Le banche italiane hanno prestato a famiglie e imprese 117 miliardi che rischiano di non vedere mai più: a settembre nella discarica delle sofferenze sono entrati altri 1,8 miliardi rispetto ad agosto e 15,6 miliardi nei dodici mesi, per un incremento annuo del 15,3 per cento. È una crescita senza sosta quella fotografata ieri dall’Abi di Giuseppe Mussari e rappresenta il secondo campanello d’allarme in pochi giorni dopo la convocazione in Bankitalia dei primi cinque gruppi del Paese avvenuta lunedì: i crediti di difficile riscossione sono ormai il 5,9% degli impieghi (5,1% un anno fa), in pratica ogni 100 euro prestati agli italiani ce ne sono quasi 6 a rischio.

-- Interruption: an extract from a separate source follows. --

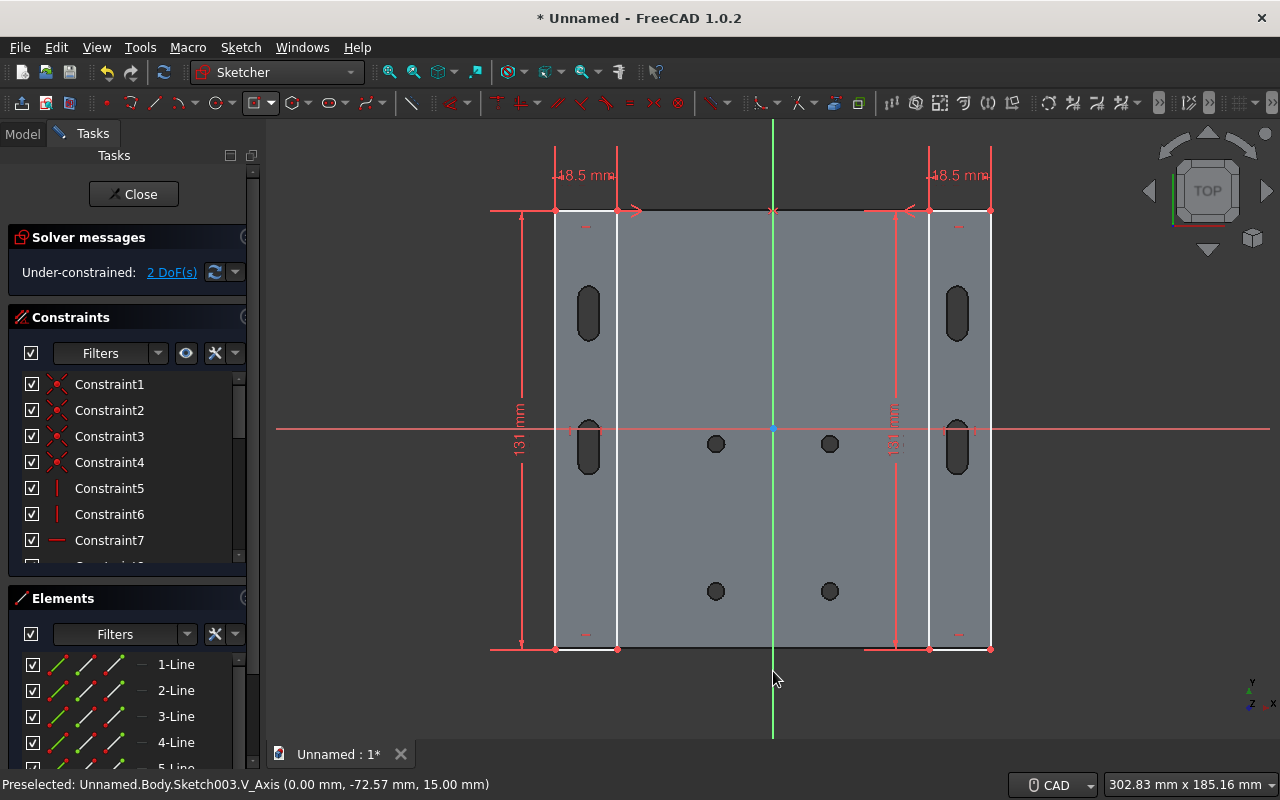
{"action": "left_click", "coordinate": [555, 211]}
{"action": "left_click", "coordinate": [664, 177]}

Anche considerando l’ondata di svalutazioni effettuate dagli istituti di credito per ripulire i bilanci, i prestiti «tossici» sono 67,2 miliardi, 1,5 in più rispetto ad agosto e quasi 12 in più rispetto a settembre 2011. Il rapporto sofferenze-impieghi si attesta al 3,46%, dal 3,41% di agosto (al 2,86% a settembre 2011). Una pessima notizia per l’industria del credito, già alle prese con margini compressi (a ottobre il differenziale tra i tassi attivi e passivi era al minimo storico), costi fuori controllo e decine di migliaia di potenziali esuberi tra filiali da sacrificare e uffici di back office poco efficienti.

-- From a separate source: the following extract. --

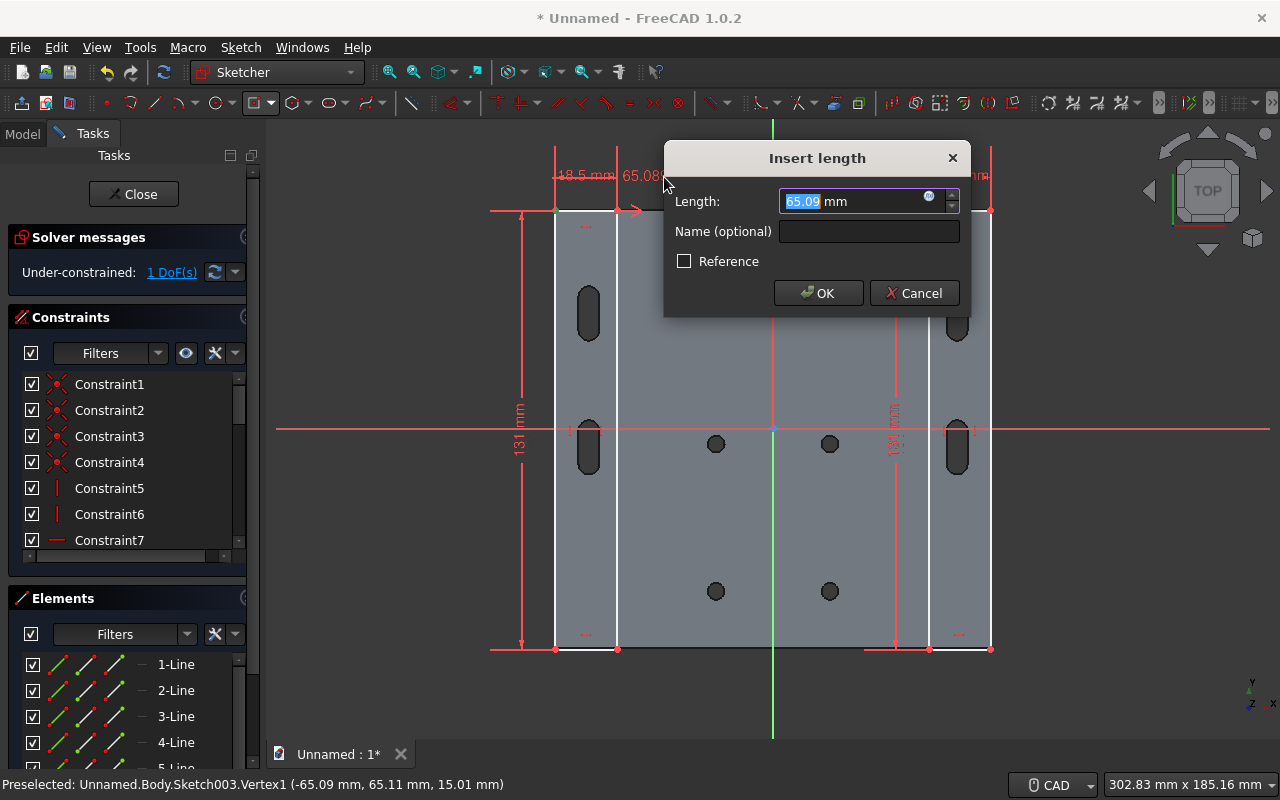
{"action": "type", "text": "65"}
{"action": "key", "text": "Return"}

Non stupisce quindi la grande circospezione con cui le banche concedono nuovi prestiti: ad ottobre gli impieghi sono scesi dello 0,84% a 1.933 miliardi (-0,9% a settembre); in particolare a ottobre gli impieghi al settore privato si sono ridotti dell’1,69% a 1.663,3 miliardi, di cui 1.477 a famiglie e imprese (-2,93%).